Expressing ‘Sacred 3’ across the Shakespeare cannon there are three iterations of “The Essex/Christ Allusion”, its nascent origin relating to the conviction for high-treason of ‘Robert Devereux 2nd Earl of Essex’ on February ’XIX’ 1601.
Represented by the number ‘XIX’ “The Essex/Christ Allusion” by William Shakespeare is found in the following locations:
(1) Line ‘XIX’ of “The Phoenix and the Turtle”.
(2) Sonnet ‘XIX’.
(3) Edmund’s first soliloquy in “King Lear”.
Shakespeare was closely associated with the ‘Royal Arch Freemasons’ and ‘Knights Templar’ for which letter ‘XIX’ of the Greek alphabet ‘Tau’ was not only an important symbol of the crucified Christ but also for him, the origin of what John Dee termed “the number of his name”, that number being ‘1740’.
Then, progressing beyond the critical number ‘XIX’ please be aware, as we proceed, how the numbers 5, 7, 12, 14 & 26 permeate this article.
‘The Essex/Christ allusion’ recognises eternal similarities between the lives and deaths of both Christ & Essex – manifest in the following perception:
Both Essex and Christ were born of Virgins
And both put to death for their beliefs
In stanza ‘four’ of “The Phoenix and the Turtle” the Earl of ‘Essex’ is allegorised by the “Swan” as in death he becomes a poetic follower of Apollo, the Requiem mentioned therein is for him not “The Phoenix and the Turtle”.
In the subsequent stanza ‘five’ Queen Elizabeth 1st is allegorised by the “treble-dated-crow”, our great author showing his polymath credentials – with a pun, as the fruiting palm-tree bears ‘dates’ and in Greek the mythical-bird and the tree are known equally as ‘Phoenix’. Of further relevance, is the reality in the summer of 1601 when the 67 lined Phoenix-poem (which has a Godly metre of ‘7’ beats per line) was published Elizabeth was 67 years old.
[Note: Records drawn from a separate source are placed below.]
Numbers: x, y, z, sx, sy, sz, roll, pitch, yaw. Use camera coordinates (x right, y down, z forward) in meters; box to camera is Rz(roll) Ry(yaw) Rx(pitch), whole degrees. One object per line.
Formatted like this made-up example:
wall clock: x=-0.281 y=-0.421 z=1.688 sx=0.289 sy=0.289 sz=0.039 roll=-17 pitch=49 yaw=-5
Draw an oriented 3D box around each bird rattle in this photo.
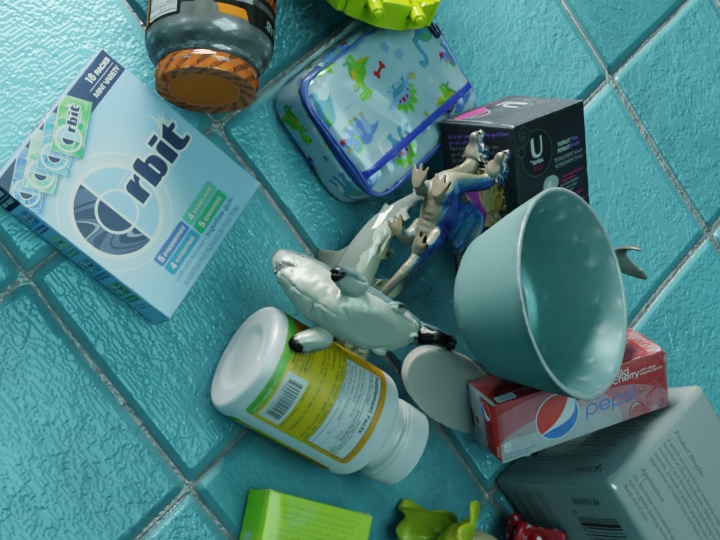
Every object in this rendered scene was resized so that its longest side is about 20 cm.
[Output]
bird rattle: x=0.115 y=0.320 z=1.206 sx=0.200 sy=0.113 sz=0.163 roll=31 pitch=79 yaw=-37

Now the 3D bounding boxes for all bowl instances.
bowl: x=0.164 y=0.028 z=1.109 sx=0.201 sy=0.105 sz=0.201 roll=15 pitch=70 yaw=-47

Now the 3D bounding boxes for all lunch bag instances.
lunch bag: x=0.024 y=-0.176 z=1.220 sx=0.200 sy=0.082 sz=0.161 roll=-41 pitch=107 yaw=-29

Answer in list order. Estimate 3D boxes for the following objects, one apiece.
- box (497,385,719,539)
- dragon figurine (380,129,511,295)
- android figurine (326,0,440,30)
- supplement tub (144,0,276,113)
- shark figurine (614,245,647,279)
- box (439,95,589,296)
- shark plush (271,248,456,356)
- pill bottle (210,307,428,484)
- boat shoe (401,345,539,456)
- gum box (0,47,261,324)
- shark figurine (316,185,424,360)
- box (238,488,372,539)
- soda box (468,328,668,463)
box: x=0.301 y=0.254 z=1.248 sx=0.171 sy=0.200 sz=0.199 roll=-38 pitch=101 yaw=-28
dragon figurine: x=0.083 y=-0.046 z=1.140 sx=0.099 sy=0.059 sz=0.200 roll=13 pitch=100 yaw=-47
android figurine: x=0.014 y=-0.314 z=1.193 sx=0.182 sy=0.041 sz=0.200 roll=6 pitch=42 yaw=-22
supplement tub: x=-0.140 y=-0.260 z=1.096 sx=0.122 sy=0.122 sz=0.201 roll=12 pitch=71 yaw=-30
shark figurine: x=0.243 y=0.049 z=1.325 sx=0.215 sy=0.128 sz=0.090 roll=-51 pitch=134 yaw=-40
box: x=0.170 y=-0.077 z=1.237 sx=0.122 sy=0.106 sz=0.201 roll=-24 pitch=115 yaw=-38
shark plush: x=0.013 y=0.029 z=1.083 sx=0.199 sy=0.083 sz=0.091 roll=10 pitch=114 yaw=-24
pill bottle: x=-0.034 y=0.129 z=1.114 sx=0.200 sy=0.111 sz=0.111 roll=32 pitch=67 yaw=-24
boat shoe: x=0.108 y=0.127 z=1.210 sx=0.200 sy=0.093 sz=0.075 roll=34 pitch=92 yaw=-28
gum box: x=-0.216 y=-0.078 z=1.075 sx=0.200 sy=0.045 sz=0.170 roll=41 pitch=64 yaw=-19
shark figurine: x=0.001 y=-0.021 z=1.177 sx=0.128 sy=0.089 sz=0.215 roll=32 pitch=84 yaw=-49
box: x=-0.066 y=0.320 z=1.101 sx=0.122 sy=0.048 sz=0.201 roll=20 pitch=72 yaw=-27
soda box: x=0.212 y=0.126 z=1.166 sx=0.199 sy=0.063 sz=0.070 roll=-16 pitch=112 yaw=-18

Elizabeth’s favourite ‘Robert Dudley Earl of Leicester’ was Essex’s father, upon who’s execution the Queen entered a terminal melancholy she was unable to rouse herself from, morbidly described by Shakespeare in line ‘7’ (alluding to her Godly 7th Sept. creation) as “fever’s end” (her demise).
The first rendition of “The Essex/Christ Allusion” is Line ‘XIX’ of the Bard’s avian-poem:
“With the breath thou giv’st and tak’st”
The death of Essex the cause of the irreversible slump and uncompromising sombre attitude appropriated by the Queen – in the guise of the “Dark-Lady” a torment more commonly known to us mortals as grief.
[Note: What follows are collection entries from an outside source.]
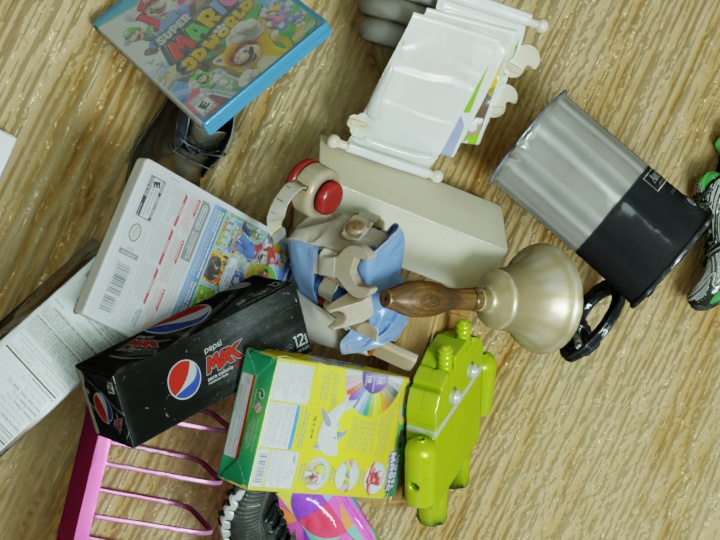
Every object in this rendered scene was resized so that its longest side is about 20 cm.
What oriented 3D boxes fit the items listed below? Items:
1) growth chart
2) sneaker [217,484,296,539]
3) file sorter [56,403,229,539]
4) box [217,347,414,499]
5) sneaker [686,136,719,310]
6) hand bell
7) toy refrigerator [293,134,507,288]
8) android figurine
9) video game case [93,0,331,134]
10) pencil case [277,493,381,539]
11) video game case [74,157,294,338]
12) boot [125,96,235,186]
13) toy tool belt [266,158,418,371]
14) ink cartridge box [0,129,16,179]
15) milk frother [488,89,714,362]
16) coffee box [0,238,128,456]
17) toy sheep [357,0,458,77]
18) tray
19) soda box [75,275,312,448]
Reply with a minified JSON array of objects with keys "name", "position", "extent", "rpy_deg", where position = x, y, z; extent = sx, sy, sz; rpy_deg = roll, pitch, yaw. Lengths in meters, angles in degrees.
[{"name":"growth chart","position":[0.076,-0.170,1.298],"extent":[0.144,0.018,0.201],"rpy_deg":[22,116,-25]},{"name":"sneaker","position":[-0.088,0.249,1.293],"extent":[0.090,0.067,0.201],"rpy_deg":[20,126,6]},{"name":"file sorter","position":[-0.202,0.218,1.273],"extent":[0.124,0.139,0.202],"rpy_deg":[13,90,-16]},{"name":"box","position":[-0.029,0.139,1.240],"extent":[0.199,0.048,0.118],"rpy_deg":[15,89,-45]},{"name":"sneaker","position":[0.376,-0.053,1.455],"extent":[0.085,0.078,0.202],"rpy_deg":[22,78,-8]},{"name":"hand bell","position":[0.097,0.025,1.253],"extent":[0.199,0.104,0.105],"rpy_deg":[1,93,-41]},{"name":"toy refrigerator","position":[0.037,-0.050,1.346],"extent":[0.198,0.076,0.070],"rpy_deg":[20,125,-15]},{"name":"android figurine","position":[0.084,0.142,1.336],"extent":[0.041,0.182,0.202],"rpy_deg":[14,122,21]},{"name":"video game case","position":[-0.136,-0.218,1.254],"extent":[0.143,0.200,0.018],"rpy_deg":[-41,142,-9]},{"name":"pencil case","position":[-0.031,0.244,1.349],"extent":[0.088,0.088,0.201],"rpy_deg":[-39,102,-10]},{"name":"video game case","position":[-0.145,0.008,1.237],"extent":[0.199,0.018,0.144],"rpy_deg":[30,76,-40]},{"name":"boot","position":[-0.167,-0.110,1.285],"extent":[0.074,0.097,0.202],"rpy_deg":[19,88,-16]},{"name":"toy tool belt","position":[0.000,0.000,1.248],"extent":[0.125,0.122,0.201],"rpy_deg":[-42,144,-30]},{"name":"ink cartridge box","position":[-0.419,-0.109,1.241],"extent":[0.199,0.050,0.110],"rpy_deg":[24,87,-16]},{"name":"milk frother","position":[0.206,-0.036,1.363],"extent":[0.188,0.180,0.200],"rpy_deg":[41,97,7]},{"name":"coffee box","position":[-0.285,0.069,1.255],"extent":[0.200,0.114,0.080],"rpy_deg":[-43,104,-8]},{"name":"toy sheep","position":[0.064,-0.264,1.325],"extent":[0.137,0.138,0.202],"rpy_deg":[14,94,-15]},{"name":"tray","position":[0.053,0.128,1.358],"extent":[0.037,0.098,0.202],"rpy_deg":[15,89,25]},{"name":"soda box","position":[-0.139,0.074,1.196],"extent":[0.199,0.063,0.071],"rpy_deg":[-28,113,-36]}]

Concisely put, the following is its meaning:
Elizabeth the Virgin Queen gave breath to Essex at birth and when she signed his death warrant & he was executed she took his breath away.
The second rendition of “The Essex/Christ Allusion” we find expressed by Shakespeare’s sonnet ‘XIX’ (remembering it was both ‘Essex’ & ‘VVriothesley’ convicted of high-treason and sentenced to death, although only ‘Essex’ was executed). In (S.XIX) ‘Robert Devereux’s’ 2nd Earldom is cleverly identified by citing Dev for Devereux in the first and second lines, then following the death of this “fierce-tiger” our author’s attitude to his mother (Elizabeth) we find in sharp decline – as the “Turtle” (Shakespeare) implies he wishes the “Phoenix” (Elizabeth) burnt in her blood.
Devouring time, blunt thou thy Lions paws
And make the earth devour her own sweet brood,
Pluck the keen teeth from the fierce Tigers jaws,
And burn the long-lived Phoenix in her blood.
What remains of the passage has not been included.